Quantum Many-Body Tunneling of Solitons in Bose-Einstein Condensates

The macroscopic quantum tunneling of ultracold bosons is studied in one-dimensional optical lattice systems. A bright soliton confined by a potential barrier is allowed to tunnel out of confinement by reducing the barrier width or by tuning the strength of the attractive two-particle interactions. We predict the escape time for the soliton, that is, when the norm remaining behind the barrier drops to 1/e. Time-Evolving Block Decimation (TEBD), a time-adaptive matrix product state method, is used to accurately model the many-body physics. Using mean-field calculations as a comparison, we independently check our results near the weakly interacting limit. We examine how the interaction strength, the number of particles, the system size, and the barrier area affect the soliton escape time.
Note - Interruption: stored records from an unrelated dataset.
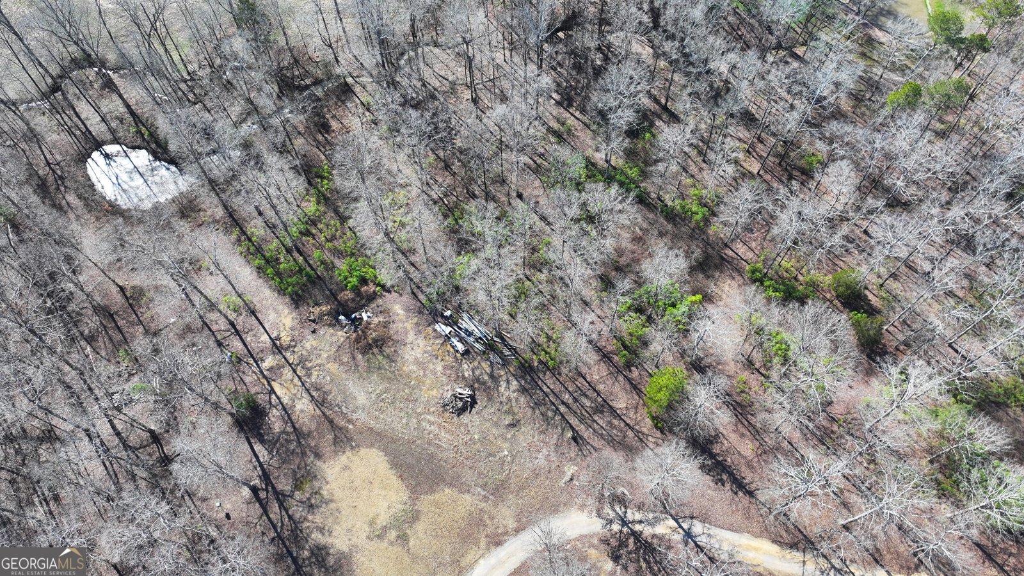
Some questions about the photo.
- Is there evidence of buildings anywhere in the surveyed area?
No
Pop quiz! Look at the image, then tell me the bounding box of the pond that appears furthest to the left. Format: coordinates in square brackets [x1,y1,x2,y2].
[89,146,188,210]
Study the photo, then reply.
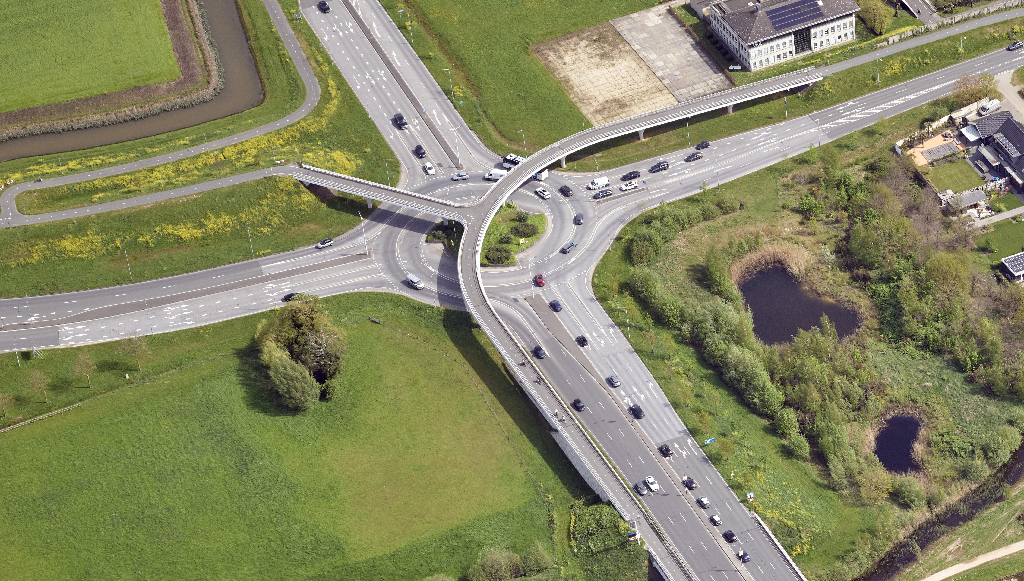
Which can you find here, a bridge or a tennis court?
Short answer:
bridge
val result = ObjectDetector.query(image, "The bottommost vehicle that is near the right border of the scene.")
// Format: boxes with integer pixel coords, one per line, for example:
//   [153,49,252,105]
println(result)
[978,96,1002,116]
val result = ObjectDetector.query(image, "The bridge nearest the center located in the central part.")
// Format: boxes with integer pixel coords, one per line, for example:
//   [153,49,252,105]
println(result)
[297,68,810,523]
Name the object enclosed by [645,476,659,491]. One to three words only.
car
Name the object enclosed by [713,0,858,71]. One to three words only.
building
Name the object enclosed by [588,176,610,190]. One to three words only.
vehicle
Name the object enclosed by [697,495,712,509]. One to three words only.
car
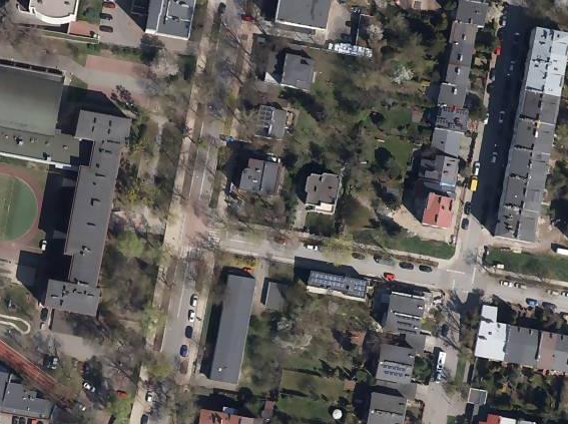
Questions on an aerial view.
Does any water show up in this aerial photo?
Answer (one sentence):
No, there's no water in this view.
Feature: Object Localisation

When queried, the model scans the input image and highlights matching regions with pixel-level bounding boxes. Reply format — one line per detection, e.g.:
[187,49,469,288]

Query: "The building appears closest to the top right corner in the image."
[527,28,568,67]

Our findings show the regimes in which the mean-field theory is widely inadequate, and the appreciable differences between a mean-field and a full quantum many-body approach. We then use TEBD to model the dynamics far beyond the mean-field limit. We calculate the entropy of entanglement between the soliton body behind the barrier and the escaped soliton tail past the barrier over time. Using two-particle correlation functions we also examine how particles in different regions of the many-body system (behind, under, or past the barrier) are entangled to one another.